The idea is to make Tensorflow easier to learn and apply.

The first glimpse on what Tensorlow 2.0 will be has been given by Martin Wicke, one of the Google Brain Engineers, in the Announcements Mailing List, here. In short:

  • Eager execution will be a central feature of 2.0. It aligns users’ expectations about the programming model better with TensorFlow practice and should make TensorFlow easier to learn and apply.
  • Support for more platforms and languages, and improved compatibility and parity between these components via standardization on exchange formats and alignment of APIs.
  • Remove deprecated APIs and reduce the amount of duplication, which has caused confusion for users.
  • Public 2.0 design process: the community can now work together with the Tensorflow developers and discuss the new features, using the Tensorflow Discussion Group
  • Compatibility and continuity: a compatibility module with Tensorflow 1.x will be offered, this means that Tensorflow 2.0 will have a module with all the Tensorflow 1.x API inside
  • On-disk compatibility: the exported models (checkpoints and frozen models) in Tensorflow 1.x will be compatible with Tensorflow 2.0, only some variable rename could be required
  • tf.contrib: completely removed. Huge, maintained, modules will be moved to separate repositories; unused and unmaintained modules will be removed.
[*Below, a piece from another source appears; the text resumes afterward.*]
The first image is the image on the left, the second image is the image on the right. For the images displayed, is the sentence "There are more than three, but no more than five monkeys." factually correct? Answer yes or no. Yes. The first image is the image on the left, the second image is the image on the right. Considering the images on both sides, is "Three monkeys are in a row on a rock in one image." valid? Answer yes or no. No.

In practice, if you’re new to Tensorflow, you’re lucky. If like me, you’re using Tensorflow from the 0.x release, you have to rewrite all your codebase (and differently from 0.x to 1.x transition, the changes are massive); however, Tensorflow authors claim that a conversion tool will be released to help the transition. However, conversion tools are not perfect hence manual intervention could be required.

Moreover, you have to change your way of thinking; this can be challenging, but everyone likes challenges, isn’t it?

Let’s face this challenge and start looking at the changes in detail, starting from the first huge difference: the removal of tf.get_variable, tf.variable_scope, tf.layers and the mandatory transition to a Keras based approach, using tf.keras.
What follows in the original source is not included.